Accelerated Changes in White Matter Microstructure during Aging: A Longitudinal Diffusion Tensor Imaging Study

It is well established that human brain white matter structure changes with aging, but the timescale and spatial distribution of this change remain uncertain. Cross-sectional diffusion tensor imaging (DTI) studies indicate that, after a period of relative stability during adulthood, there is an accelerated decline in anisotropy and increase in diffusivity values during senescence; and, spatially, results have been discussed within the context of several anatomical frameworks.

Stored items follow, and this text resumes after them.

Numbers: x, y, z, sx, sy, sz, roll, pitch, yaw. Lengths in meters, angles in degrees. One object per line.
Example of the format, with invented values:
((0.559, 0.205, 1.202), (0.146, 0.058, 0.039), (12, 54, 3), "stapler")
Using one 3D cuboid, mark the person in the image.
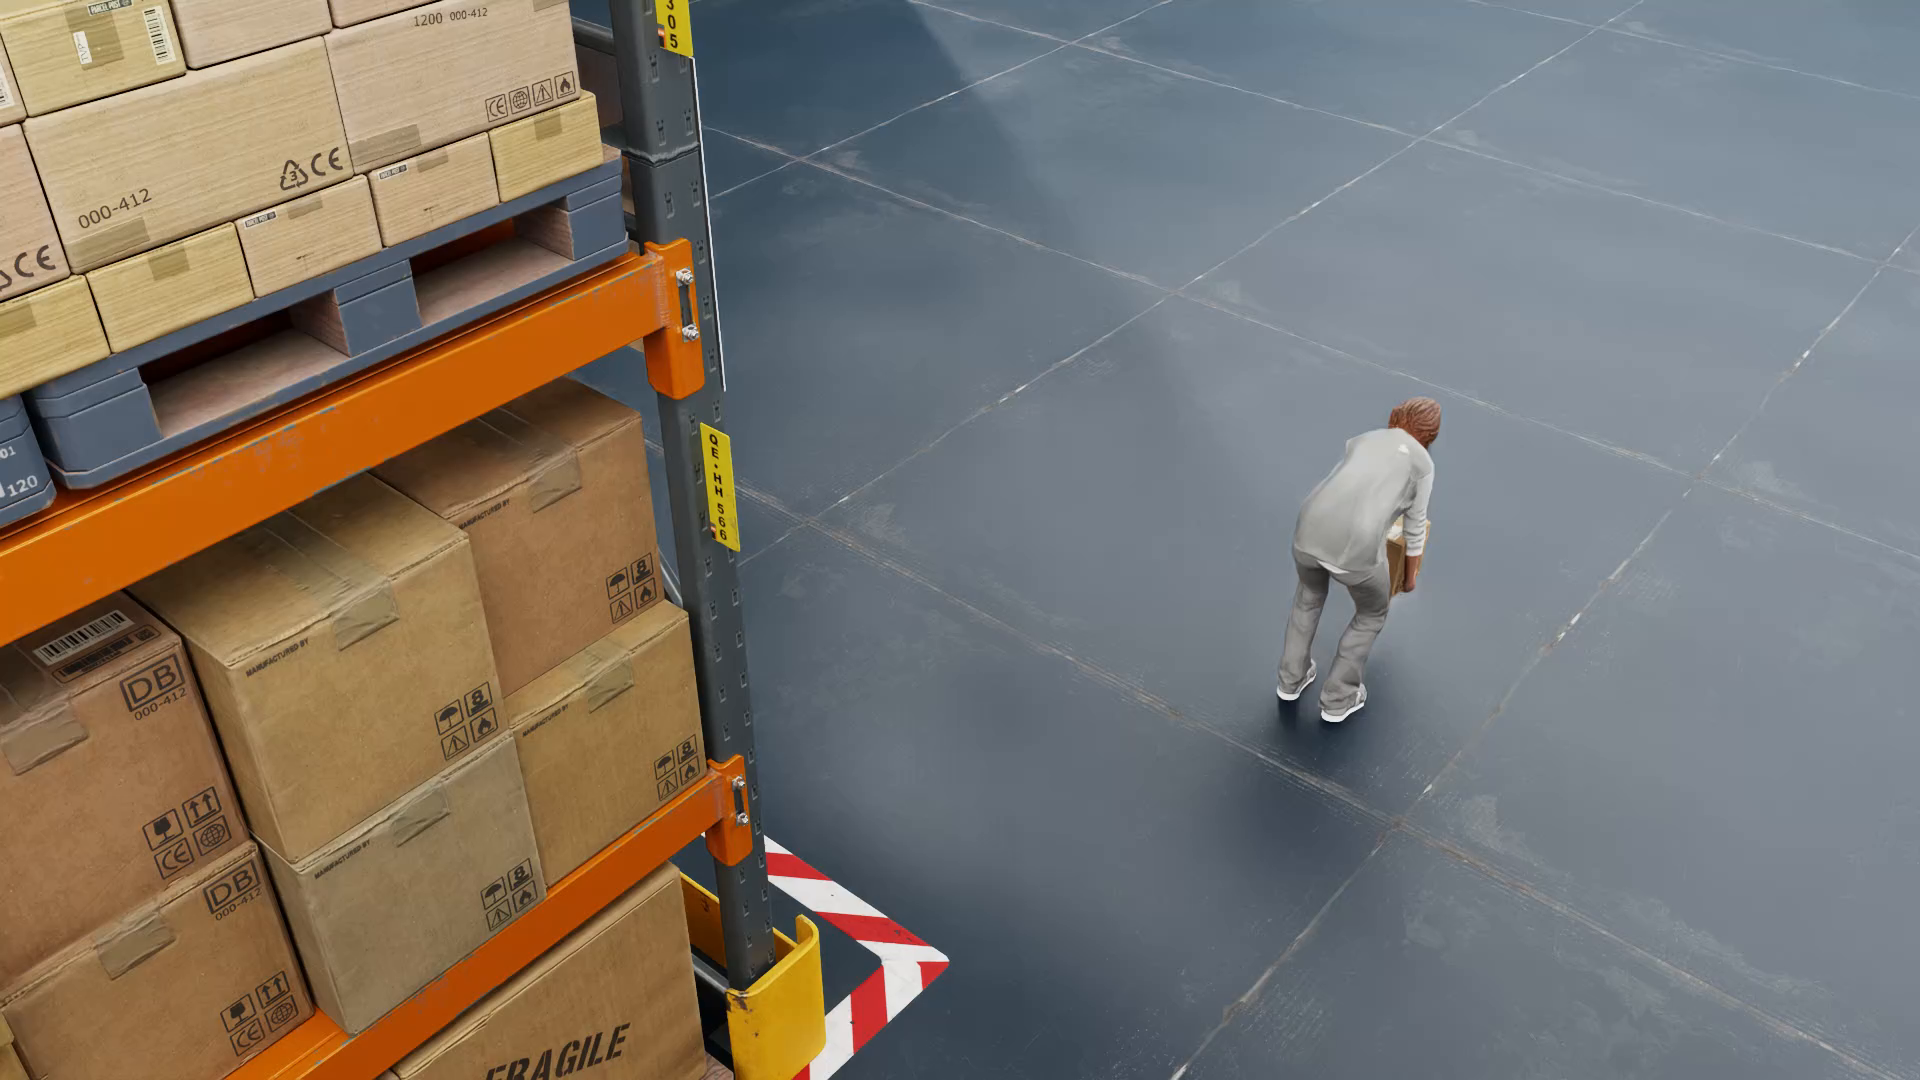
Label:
((1.567, 0.076, 6.449), (0.385, 1.136, 0.848), (25, 42, 30), "person")

However, inferring trajectories of change from cross-sectional data can be challenging; and, as yet, there have been no longitudinal reports of the timescale and spatial distribution of age-related white matter change in healthy adults across the adult lifespan. In a longitudinal DTI study of 203 adults between 20 and 84 years of age, we used tract-based spatial statistics to characterize the pattern of annual change in fractional anisotropy, axial diffusivity, radial diffusivity, and mean diffusivity and examined whether there was an acceleration of change with age. We found extensive and overlapping significant annual decreases in fractional anisotropy, and increases in axial diffusivity, radial diffusivity, and mean diffusivity. Spatially, results were consistent with inferior-to-superior gradients of lesser-to-greater vulnerability. Annual change increased with age, particularly within superior regions, with age-related decline estimated to begin in the fifth decade. Charting white matter microstructural changes in healthy aging provides essential context to clinical studies, and future studies should compare age trajectories between healthy participants and at-risk populations and also explore the relationship between DTI rates of change and cognitive decline.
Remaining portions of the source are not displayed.